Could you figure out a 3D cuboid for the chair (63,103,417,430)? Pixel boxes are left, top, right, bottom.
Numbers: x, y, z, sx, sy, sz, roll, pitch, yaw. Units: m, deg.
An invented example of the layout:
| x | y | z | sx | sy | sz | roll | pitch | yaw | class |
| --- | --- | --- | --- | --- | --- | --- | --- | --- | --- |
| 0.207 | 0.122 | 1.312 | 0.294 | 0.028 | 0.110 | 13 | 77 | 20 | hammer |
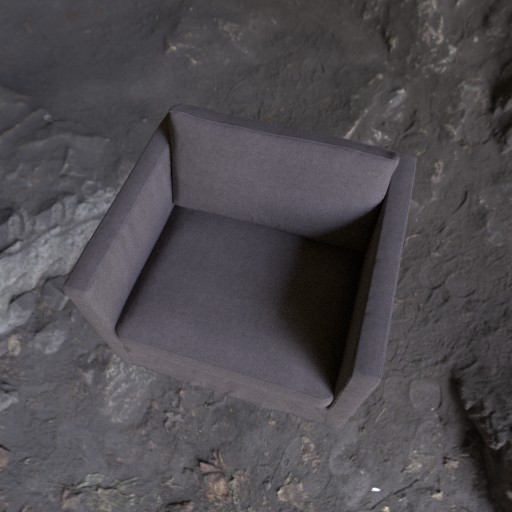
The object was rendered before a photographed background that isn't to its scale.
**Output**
| x | y | z | sx | sy | sz | roll | pitch | yaw | class |
| --- | --- | --- | --- | --- | --- | --- | --- | --- | --- |
| 0.000 | 0.000 | 1.783 | 1.057 | 0.863 | 0.949 | 15 | 60 | 9 | chair |
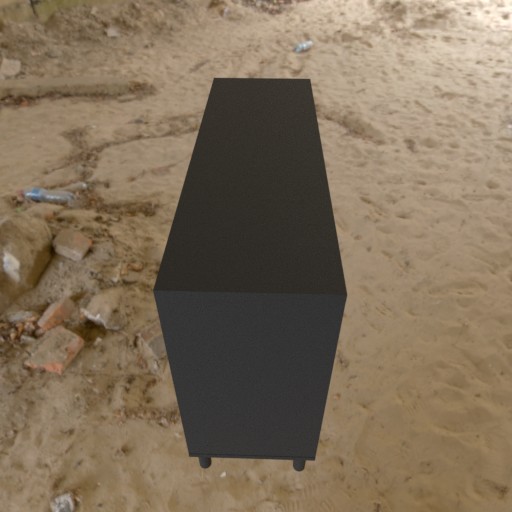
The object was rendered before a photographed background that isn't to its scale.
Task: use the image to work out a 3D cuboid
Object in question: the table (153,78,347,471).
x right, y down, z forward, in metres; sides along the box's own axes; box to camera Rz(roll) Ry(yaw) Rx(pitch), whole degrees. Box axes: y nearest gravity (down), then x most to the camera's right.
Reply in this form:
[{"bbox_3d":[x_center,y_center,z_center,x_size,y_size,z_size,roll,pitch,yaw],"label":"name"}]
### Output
[{"bbox_3d":[0.000,0.000,1.617,0.400,0.855,1.200,1,41,1],"label":"table"}]
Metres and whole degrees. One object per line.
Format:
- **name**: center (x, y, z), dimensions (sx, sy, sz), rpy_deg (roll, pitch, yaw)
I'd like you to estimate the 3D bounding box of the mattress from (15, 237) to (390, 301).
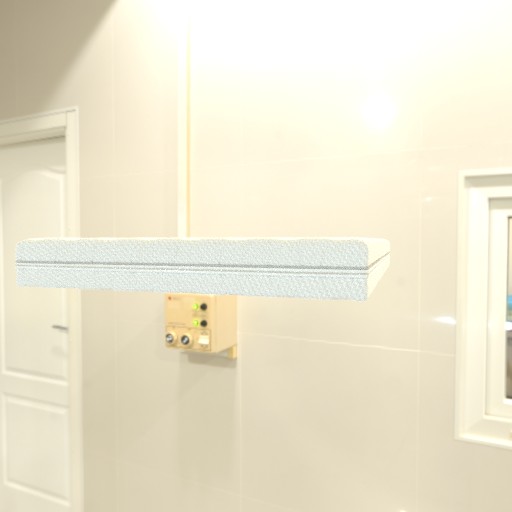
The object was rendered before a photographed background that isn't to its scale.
- **mattress**: center (0.000, 0.000, 2.518), dimensions (1.400, 0.200, 2.000), rpy_deg (1, 2, 19)
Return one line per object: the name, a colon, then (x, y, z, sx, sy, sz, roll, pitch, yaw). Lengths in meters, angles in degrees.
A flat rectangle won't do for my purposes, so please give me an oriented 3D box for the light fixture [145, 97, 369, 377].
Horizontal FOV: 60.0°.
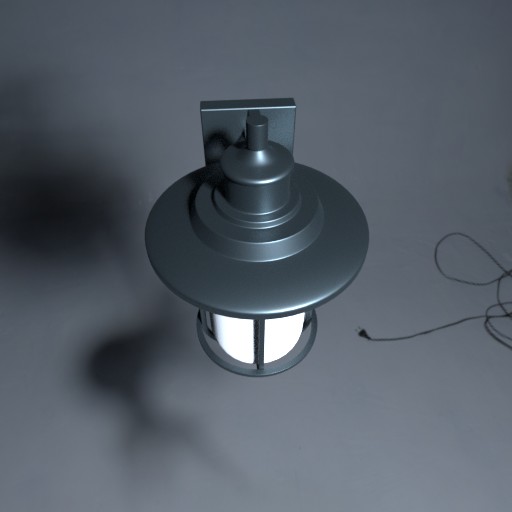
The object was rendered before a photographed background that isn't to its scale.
light fixture: (0.000, 0.000, 0.496, 0.222, 0.345, 0.252, -3, 46, -3)
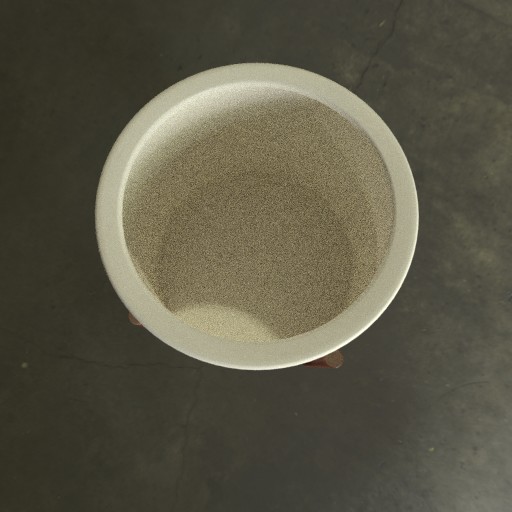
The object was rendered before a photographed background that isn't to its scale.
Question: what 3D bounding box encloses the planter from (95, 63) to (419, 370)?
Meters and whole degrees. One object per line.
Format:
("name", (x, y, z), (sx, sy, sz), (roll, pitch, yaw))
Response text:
("planter", (0.000, 0.000, 0.853), (0.420, 0.581, 0.421), (15, 77, 4))
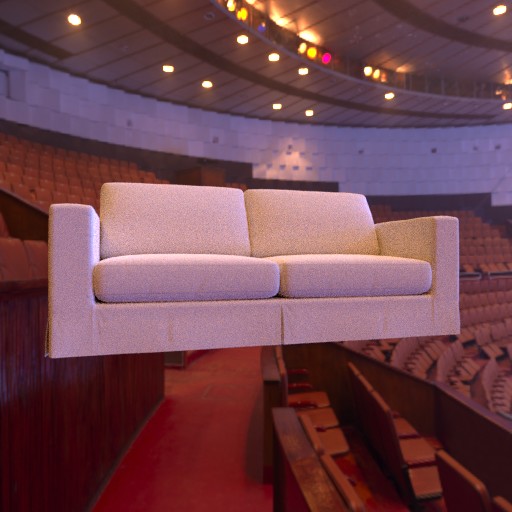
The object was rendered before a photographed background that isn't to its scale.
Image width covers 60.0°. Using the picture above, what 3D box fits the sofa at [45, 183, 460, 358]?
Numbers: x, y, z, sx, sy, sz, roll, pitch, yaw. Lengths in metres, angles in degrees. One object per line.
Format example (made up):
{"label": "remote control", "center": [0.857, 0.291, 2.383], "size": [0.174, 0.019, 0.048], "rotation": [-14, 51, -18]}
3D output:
{"label": "sofa", "center": [0.000, 0.000, 2.645], "size": [2.163, 0.881, 0.954], "rotation": [0, 0, -17]}
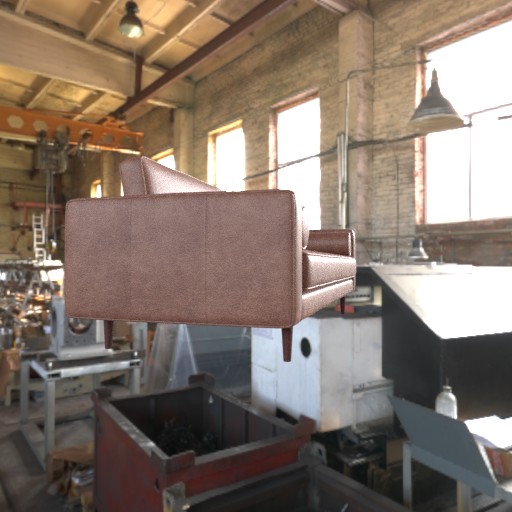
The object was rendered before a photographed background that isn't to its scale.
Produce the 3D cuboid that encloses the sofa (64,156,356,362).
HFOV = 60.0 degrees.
[{"bbox_3d":[0.000,0.000,2.384,0.910,0.760,1.870,0,-1,18],"label":"sofa"}]
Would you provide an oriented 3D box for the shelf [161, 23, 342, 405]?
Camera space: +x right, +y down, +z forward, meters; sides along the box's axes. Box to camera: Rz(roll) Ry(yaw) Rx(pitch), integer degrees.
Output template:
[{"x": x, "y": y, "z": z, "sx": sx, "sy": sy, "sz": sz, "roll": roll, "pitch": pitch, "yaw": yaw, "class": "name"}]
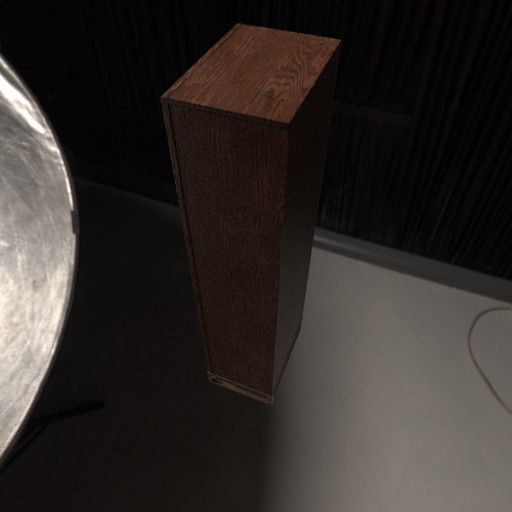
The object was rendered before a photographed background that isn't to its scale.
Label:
[{"x": 0.000, "y": 0.000, "z": 1.978, "sx": 0.395, "sy": 1.732, "sz": 0.539, "roll": 16, "pitch": 51, "yaw": 14, "class": "shelf"}]
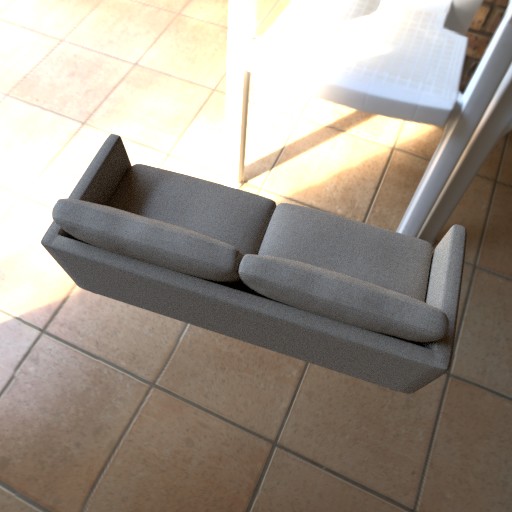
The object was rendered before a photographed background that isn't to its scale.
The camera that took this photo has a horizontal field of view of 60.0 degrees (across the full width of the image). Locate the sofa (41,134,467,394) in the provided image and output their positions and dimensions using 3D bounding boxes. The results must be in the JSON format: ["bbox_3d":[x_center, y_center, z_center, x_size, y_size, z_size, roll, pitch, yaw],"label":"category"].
[{"bbox_3d":[0.000,0.000,2.896,2.434,0.965,0.951,16,63,8],"label":"sofa"}]
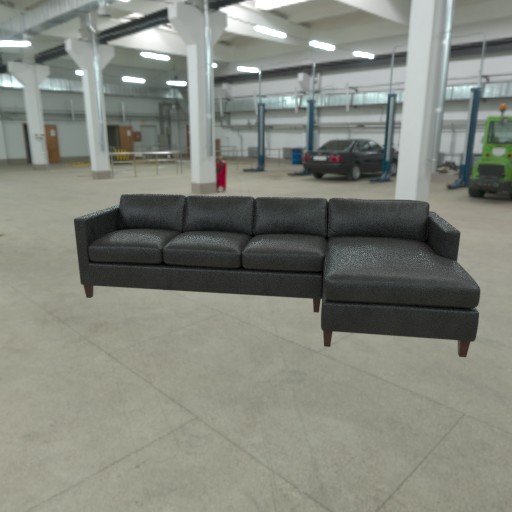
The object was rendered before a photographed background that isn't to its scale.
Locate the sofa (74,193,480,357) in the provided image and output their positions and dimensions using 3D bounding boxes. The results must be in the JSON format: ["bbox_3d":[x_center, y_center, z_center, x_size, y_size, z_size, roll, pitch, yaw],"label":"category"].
[{"bbox_3d":[0.000,0.000,3.819,3.203,0.883,1.581,3,15,9],"label":"sofa"}]
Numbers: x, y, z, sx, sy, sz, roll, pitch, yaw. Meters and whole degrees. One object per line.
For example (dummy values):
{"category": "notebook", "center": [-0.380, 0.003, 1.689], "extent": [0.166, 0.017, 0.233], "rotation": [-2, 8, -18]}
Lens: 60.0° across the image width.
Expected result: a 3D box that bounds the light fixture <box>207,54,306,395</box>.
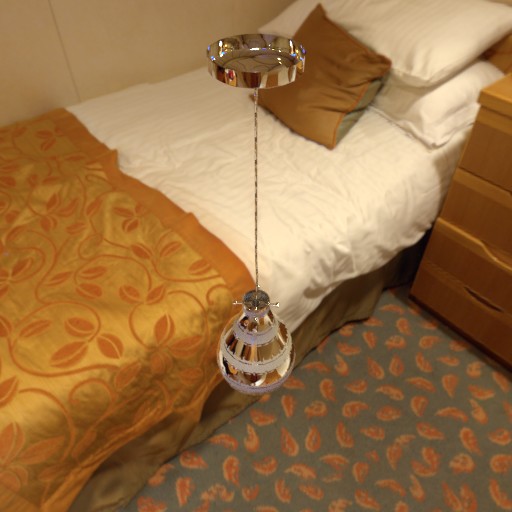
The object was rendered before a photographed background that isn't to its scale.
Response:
{"category": "light fixture", "center": [0.000, 0.000, 1.627], "extent": [0.374, 1.457, 0.374], "rotation": [3, 46, 3]}
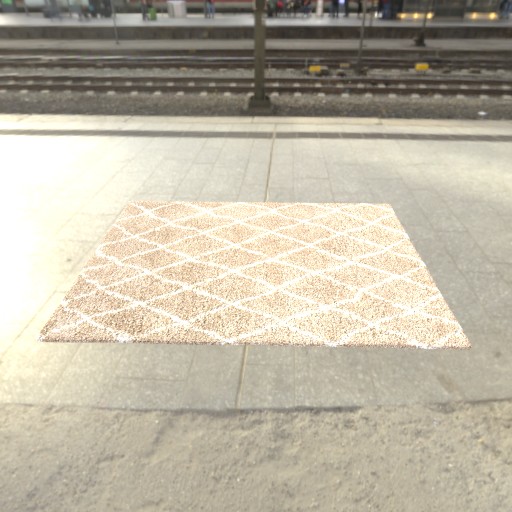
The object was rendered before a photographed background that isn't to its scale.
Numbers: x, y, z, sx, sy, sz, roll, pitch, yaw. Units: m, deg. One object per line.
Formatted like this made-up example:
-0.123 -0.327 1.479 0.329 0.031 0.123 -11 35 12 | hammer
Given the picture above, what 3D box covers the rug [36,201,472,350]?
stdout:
0.000 0.000 4.124 3.047 0.029 2.438 1 30 1 | rug
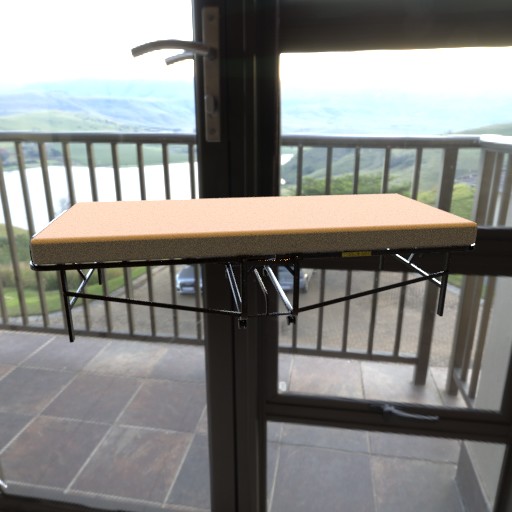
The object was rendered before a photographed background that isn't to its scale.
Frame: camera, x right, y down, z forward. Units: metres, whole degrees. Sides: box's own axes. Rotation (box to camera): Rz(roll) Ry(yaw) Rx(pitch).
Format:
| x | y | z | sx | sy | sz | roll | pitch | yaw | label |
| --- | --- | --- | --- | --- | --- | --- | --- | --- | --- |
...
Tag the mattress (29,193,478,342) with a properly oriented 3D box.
| x | y | z | sx | sy | sz | roll | pitch | yaw | label |
| --- | --- | --- | --- | --- | --- | --- | --- | --- | --- |
| 0.000 | 0.000 | 2.514 | 2.153 | 0.519 | 0.922 | -3 | 18 | -8 | mattress |
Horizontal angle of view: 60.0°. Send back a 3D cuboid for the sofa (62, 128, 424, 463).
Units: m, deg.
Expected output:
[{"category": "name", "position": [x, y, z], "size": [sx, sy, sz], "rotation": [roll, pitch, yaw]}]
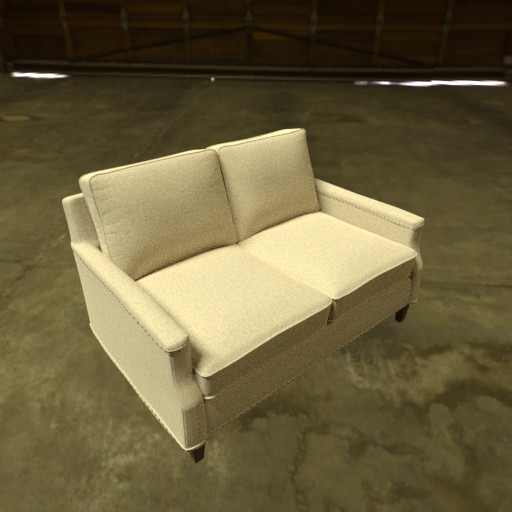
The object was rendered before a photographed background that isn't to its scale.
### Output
[{"category": "sofa", "position": [0.000, 0.000, 2.318], "size": [1.597, 1.003, 1.084], "rotation": [-23, 37, -34]}]

→ **Task brief**: All lines in the preceding records that hold the word "hammer" need to be copied.

→ **Exercise response**:
| 0.207 | 0.122 | 1.312 | 0.294 | 0.028 | 0.110 | 13 | 77 | 20 | hammer |
-0.123 -0.327 1.479 0.329 0.031 0.123 -11 35 12 | hammer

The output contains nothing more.